3. Use the Extension

  1. Access the Management Interface:

    • Log in to the Directus admin panel.
    • Navigate to Settings -> Modules. You should see a module named "OIDC Provider".
    • Click the module name to enter the extension's management interface.

  2. Configure Provider Settings:

    • The first time you use it, be sure to visit the "Provider Settings" page.
    • Issuer URL: This will usually auto-populate with your PUBLIC_URL. You can modify it if needed.
    • Token Expiration: Set the expiration times for Access Tokens, Refresh Tokens, and Codes according to your requirements.
    • Key Pair:
      • Click the "Generate New Key Pair" button to generate public and private keys for RS256 signing.
      • Alternatively, if you already have a key pair, you can manually paste the PEM-formatted public and private keys.
      • Important: After generating or entering the keys, be sure to click "Save Changes". If the private and public keys are empty, the OIDC service will not be able to issue tokens correctly.
    • Allow Refresh Tokens: Check this option as needed.
    • Save the settings.

  3. Manage OIDC Clients:

    • Visit the "Client Management" page.
    • Click the "Add Client" button.
    • Fill in the client application's name, site URL, and Redirect URI.
    • The Client ID and Client Secret can be automatically generated by the system or manually entered.
    • Save the client configuration.
    • You can edit or delete existing clients on this page.

  4. View User Logs:

    • Visit the "User Logs" page to view detailed records of user authorizations performed through this OIDC service.

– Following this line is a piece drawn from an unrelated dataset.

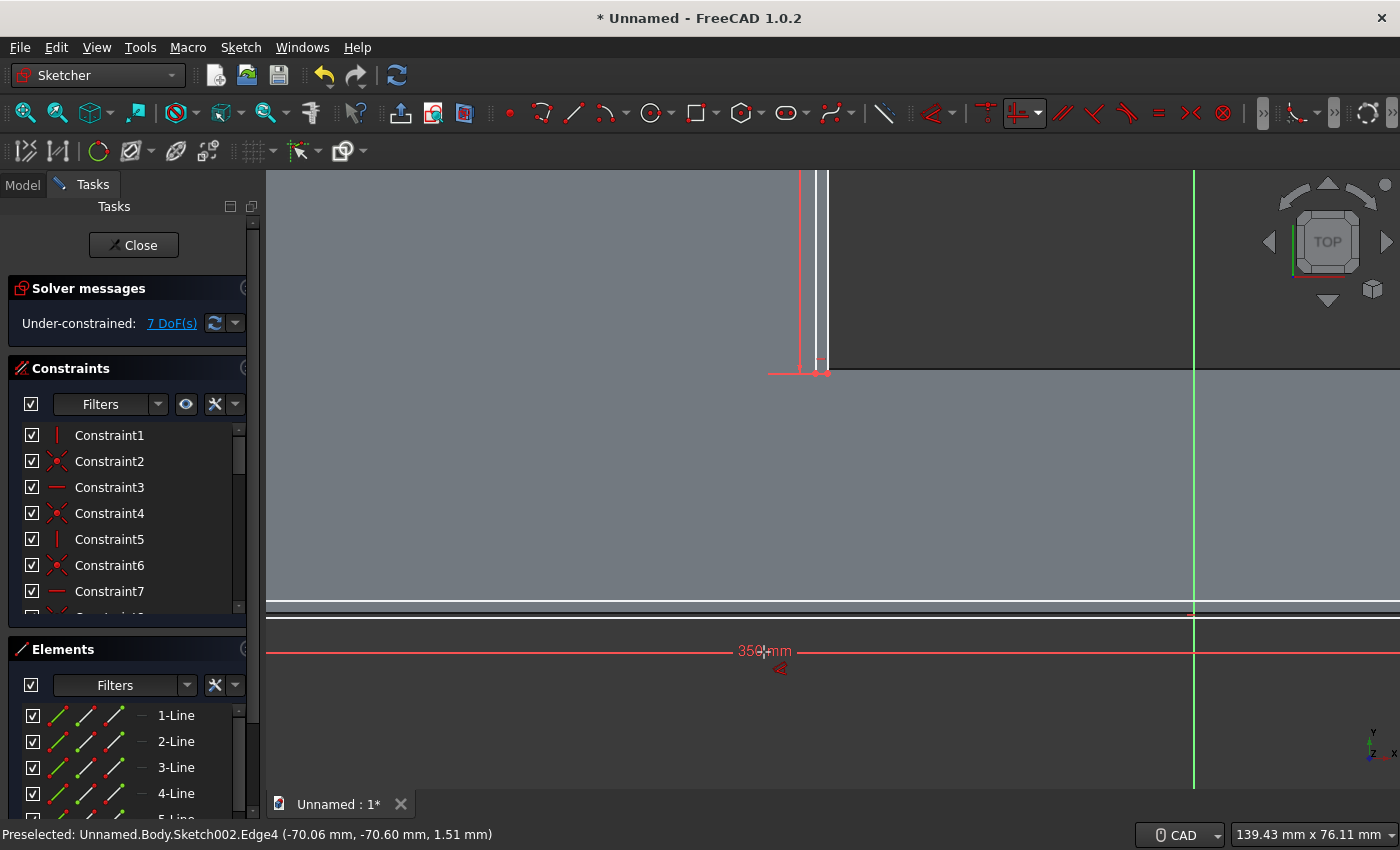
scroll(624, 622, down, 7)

Development and Contribution

We welcome community contributions! If you would like to contribute to this project, please follow these steps:

  1. Fork this repository.
  2. Create your feature branch (git checkout -b feature/YourFeature).
  3. Commit your changes (git commit -m 'Add some AmazingFeature').
  4. Push to the branch (git push origin feature/YourFeature).
  5. Open a Pull Request.

Contact and Support

If you encounter any issues or have any questions during use, please feel free to contact us through the following channels:

  • GitHub Issues: Submit issues on the Issues page of this repository.

License

This project is licensed under the MIT License. See the LICENSE file for details.